More Advanced Methods:

Consider multiple imputation or other sophisticated techniques depending on the nature of your data and the missingness pattern.

Here’s an example of mean imputation:

meuse_imputed <- meuse
meuse_imputed@data$cadmium[is.na(meuse_imputed@data$cadmium)] <- mean(meuse_imputed@data$cadmium, na.rm = TRUE)
meuse_imputed@data$lead[is.na(meuse_imputed@data$lead)] <- mean(meuse_imputed@data$lead, na.rm = TRUE)

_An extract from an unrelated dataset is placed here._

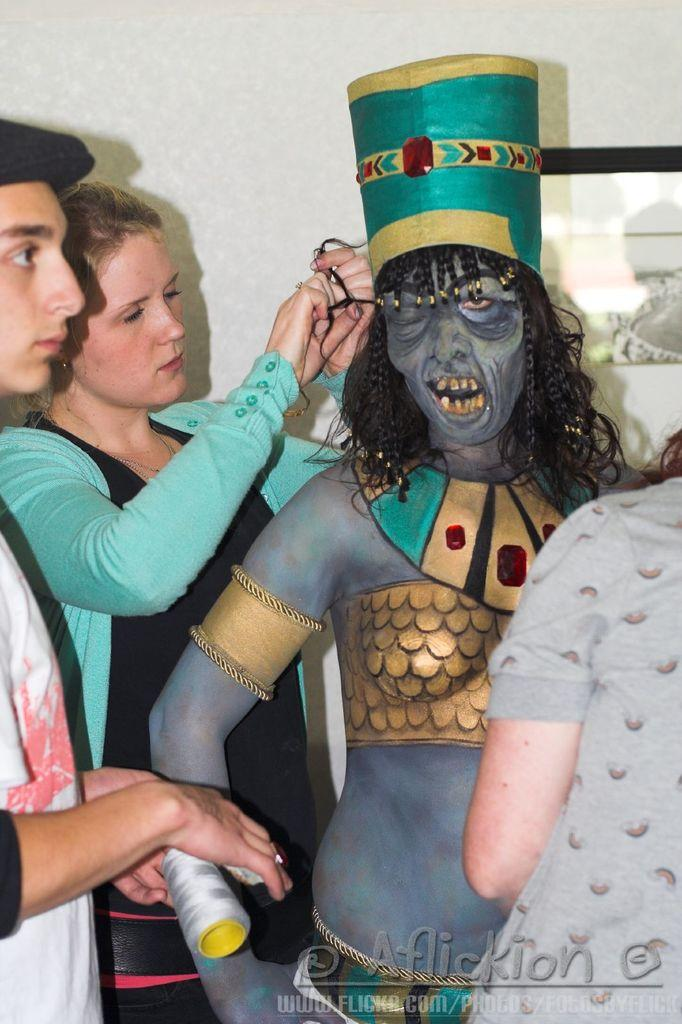How many people are in the image? There is a group of people in the image. What are the people doing in the image? The people are on a path. Can you describe the attire of one of the people in the image? There is a person in fancy dress. What is behind the people in the image? There is a wall behind the people. Is there any additional information about the image itself? The image has a watermark. Can you tell me how many times the grandmother untied the knot in the image? There is no grandmother or knot present in the image. What type of frog can be seen sitting on the wall in the image? There is no frog present in the image; only a group of people, a path, a person in fancy dress, a wall, and a watermark are visible. 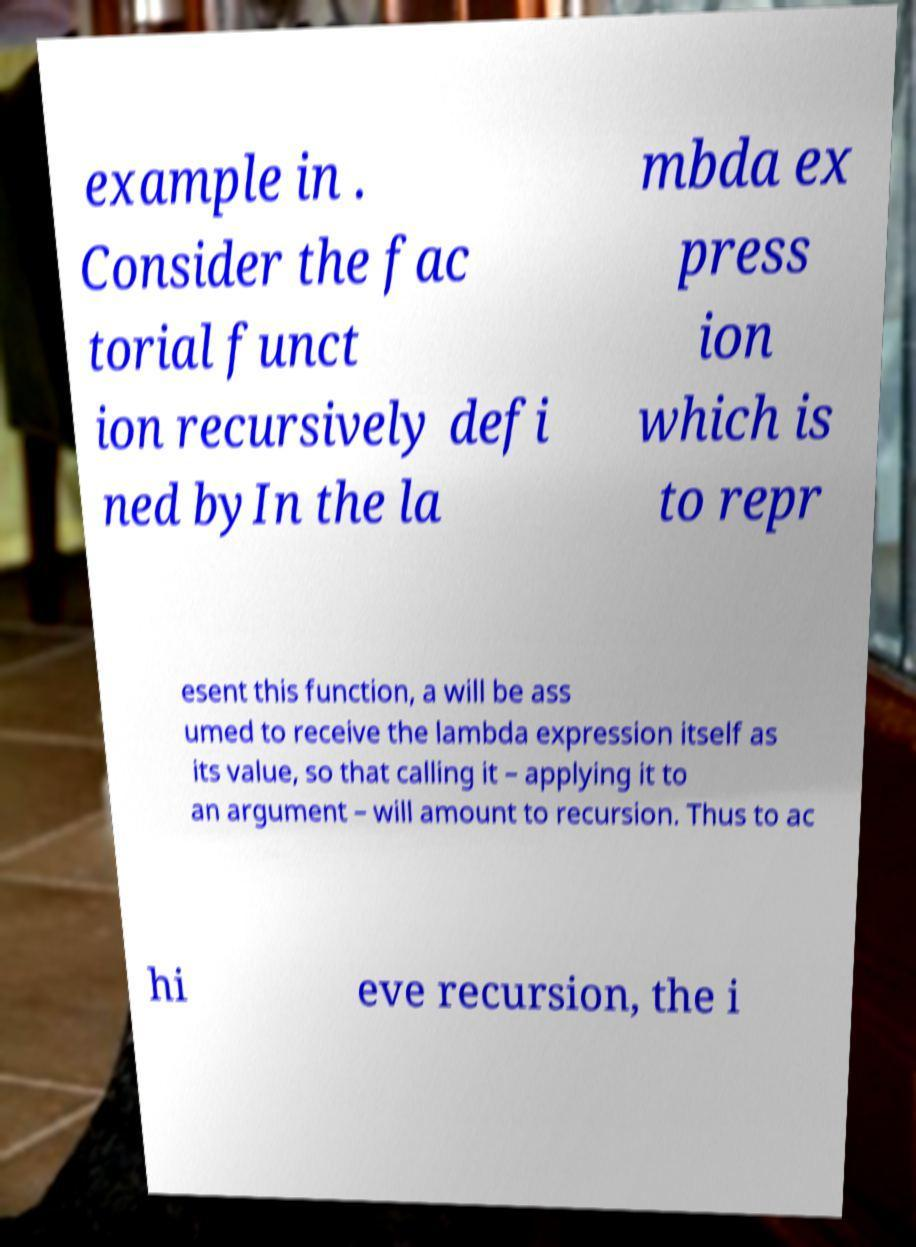Please read and relay the text visible in this image. What does it say? example in . Consider the fac torial funct ion recursively defi ned byIn the la mbda ex press ion which is to repr esent this function, a will be ass umed to receive the lambda expression itself as its value, so that calling it – applying it to an argument – will amount to recursion. Thus to ac hi eve recursion, the i 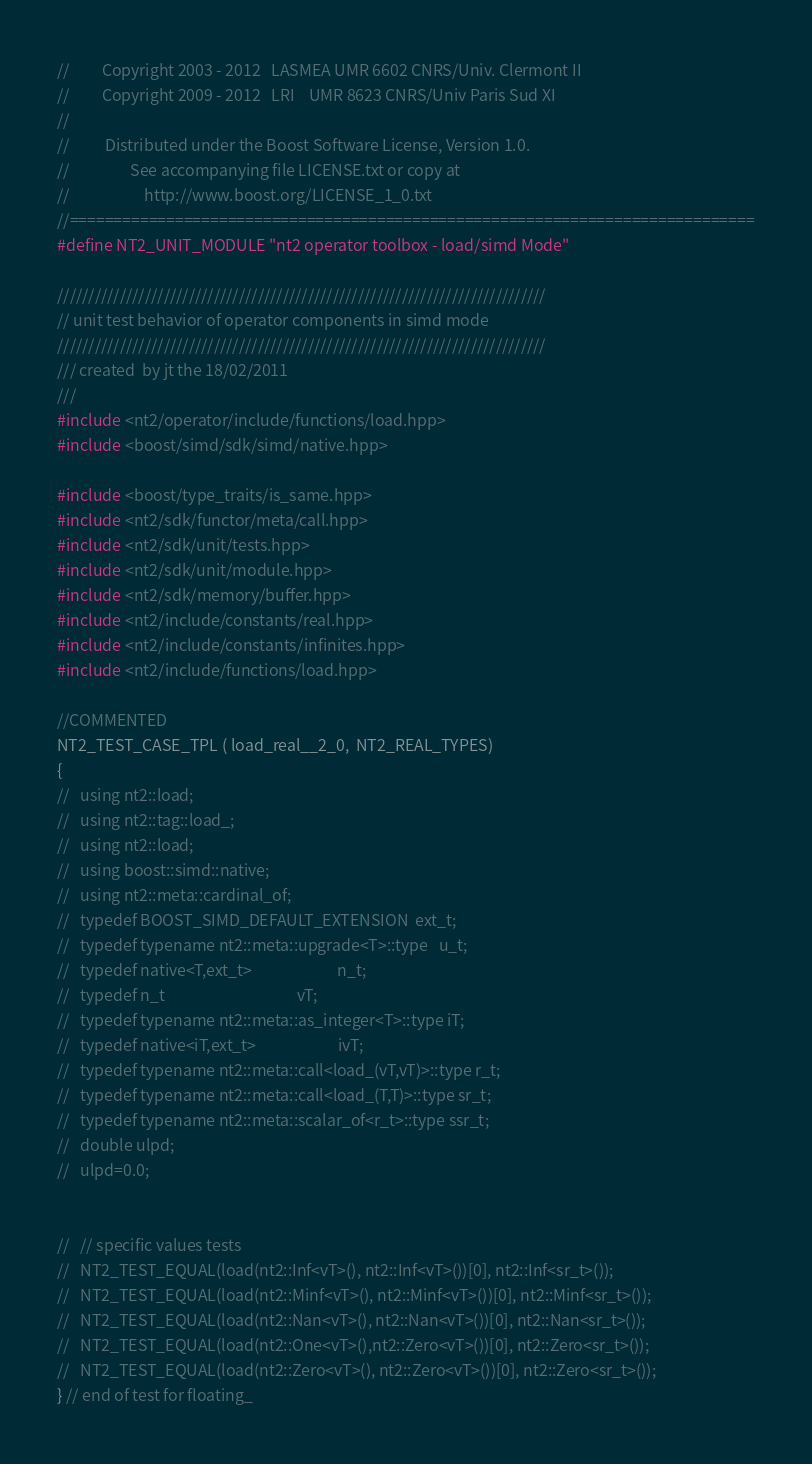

You May Remove Rows with Missing Values:

meuse_complete <- meuse[!is.na(meuse@data$cadmium) & !is.na(meuse@data$lead), ]

Run emcluster on Complete Data:

# If you removed rows with missing values
scaled_data <- scale(meuse@data[, c("cadmium", "lead")])
em_model <- init.EM(scaled_data, nclass = 3)

# Visualize
plotcluster(meuse@data[, c("cadmium", "lead")], em_model$class)

Model-Based Clustering:

Assumes data points are generated from a mixture of underlying probability distributions, providing a probabilistic framework for cluster assignment. Often used for classifying rock types or identifying distinct groups in geochemical data.

library(EMCluster)

library(EMCluster, quietly = TRUE)
set.seed(1234)
x1 <- da1$da

emobj <- simple.init(x1, nclass = 10)
emobj <- shortemcluster(x1, emobj)
summary(emobj)

## Method: 
##  n = 500, p = 2, nclass = 10, flag = , total parameters = 59,
##  conv.iter = 12, conv.eps = 0.009409358,
##  logL = -5827.1582, AIC = 11772.3164, BIC = 12020.9783.
## nc: 
## [1] 10
## pi: 
##  [1] 0.07731 0.05203 0.01943 0.02477 0.19800 0.02424 0.29374 0.12548 0.02601
## [10] 0.15897

ret <- emcluster(x1, emobj, assign.class = TRUE)
summary(ret)

## Method: 
##  n = 500, p = 2, nclass = 10, flag = , total parameters = 59,
##  conv.iter = 56, conv.eps = 8.541177e-07,
##  logL = -5775.3087, AIC = 11668.6174, BIC = 11917.2793.
## nc: 
##  [1]  40  16  38  14  99  28 132  45  13  75
## pi: 
##  [1] 0.07765 0.03079 0.07566 0.02125 0.19800 0.05803 0.27991 0.08170 0.02491
## [10] 0.15211

Data Preparation:

Standardize or normalize your data if necessary, especially for distance-based methods.

Parameter Tuning:

Carefully choose the appropriate parameters for each algorithm (e.g., eps and minPts for DBSCAN).

Cluster Validation:

Use techniques like the Silhouette analysis or the Gap statistic to assess the quality of your clustering results.